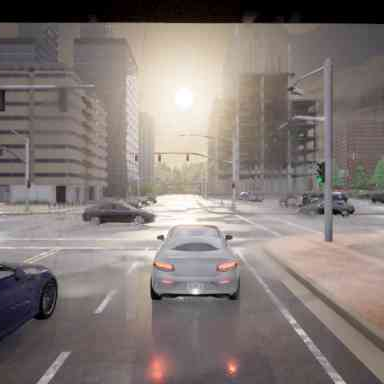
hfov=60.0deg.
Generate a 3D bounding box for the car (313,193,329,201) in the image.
[{"bbox_3d":[29.850,1.153,76.955,1.932,1.855,4.605,0,0,0],"label":"car"}]

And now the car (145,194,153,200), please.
[{"bbox_3d":[-8.168,1.477,55.300,1.882,1.535,5.008,0,0,0],"label":"car"}]

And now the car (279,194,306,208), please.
[{"bbox_3d":[13.061,1.153,44.309,1.932,1.855,4.605,0,0,0],"label":"car"}]

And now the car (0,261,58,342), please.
[{"bbox_3d":[-3.442,1.526,4.387,1.812,1.442,4.674,0,0,0],"label":"car"}]

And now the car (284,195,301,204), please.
[{"bbox_3d":[18.577,1.395,61.749,1.970,1.475,3.806,0,0,0],"label":"car"}]

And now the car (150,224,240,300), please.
[{"bbox_3d":[0.070,1.526,8.262,1.812,1.442,4.674,0,0,0],"label":"car"}]

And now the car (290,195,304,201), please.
[{"bbox_3d":[24.272,1.395,76.878,1.970,1.475,3.806,0,0,0],"label":"car"}]

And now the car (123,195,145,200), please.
[{"bbox_3d":[-8.090,1.352,44.850,2.097,1.767,4.553,0,0,0],"label":"car"}]

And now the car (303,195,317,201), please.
[{"bbox_3d":[27.167,1.364,76.892,1.784,1.438,3.905,0,0,0],"label":"car"}]

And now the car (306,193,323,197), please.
[{"bbox_3d":[15.956,1.156,44.268,1.905,1.878,3.866,0,0,0],"label":"car"}]

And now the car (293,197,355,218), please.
[{"bbox_3d":[12.096,1.491,30.074,4.902,1.511,2.128,0,0,0],"label":"car"}]

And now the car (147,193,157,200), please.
[{"bbox_3d":[-8.207,1.221,65.881,2.150,2.045,5.566,0,0,-1],"label":"car"}]

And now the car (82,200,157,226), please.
[{"bbox_3d":[-4.966,1.504,22.788,4.892,1.490,1.837,0,0,-1],"label":"car"}]

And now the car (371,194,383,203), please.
[{"bbox_3d":[35.474,1.153,61.921,1.932,1.855,4.605,0,0,0],"label":"car"}]

···

__EXERCISE AIM__.
Repeat exactly the lines above, starting with the line that contains "And now the car (0,261,58,342), please." and ending with the last line, both included, and nothing else.

__ANSWER FOR THE TASK__.
And now the car (0,261,58,342), please.
[{"bbox_3d":[-3.442,1.526,4.387,1.812,1.442,4.674,0,0,0],"label":"car"}]

And now the car (284,195,301,204), please.
[{"bbox_3d":[18.577,1.395,61.749,1.970,1.475,3.806,0,0,0],"label":"car"}]

And now the car (150,224,240,300), please.
[{"bbox_3d":[0.070,1.526,8.262,1.812,1.442,4.674,0,0,0],"label":"car"}]

And now the car (290,195,304,201), please.
[{"bbox_3d":[24.272,1.395,76.878,1.970,1.475,3.806,0,0,0],"label":"car"}]

And now the car (123,195,145,200), please.
[{"bbox_3d":[-8.090,1.352,44.850,2.097,1.767,4.553,0,0,0],"label":"car"}]

And now the car (303,195,317,201), please.
[{"bbox_3d":[27.167,1.364,76.892,1.784,1.438,3.905,0,0,0],"label":"car"}]

And now the car (306,193,323,197), please.
[{"bbox_3d":[15.956,1.156,44.268,1.905,1.878,3.866,0,0,0],"label":"car"}]

And now the car (293,197,355,218), please.
[{"bbox_3d":[12.096,1.491,30.074,4.902,1.511,2.128,0,0,0],"label":"car"}]

And now the car (147,193,157,200), please.
[{"bbox_3d":[-8.207,1.221,65.881,2.150,2.045,5.566,0,0,-1],"label":"car"}]

And now the car (82,200,157,226), please.
[{"bbox_3d":[-4.966,1.504,22.788,4.892,1.490,1.837,0,0,-1],"label":"car"}]

And now the car (371,194,383,203), please.
[{"bbox_3d":[35.474,1.153,61.921,1.932,1.855,4.605,0,0,0],"label":"car"}]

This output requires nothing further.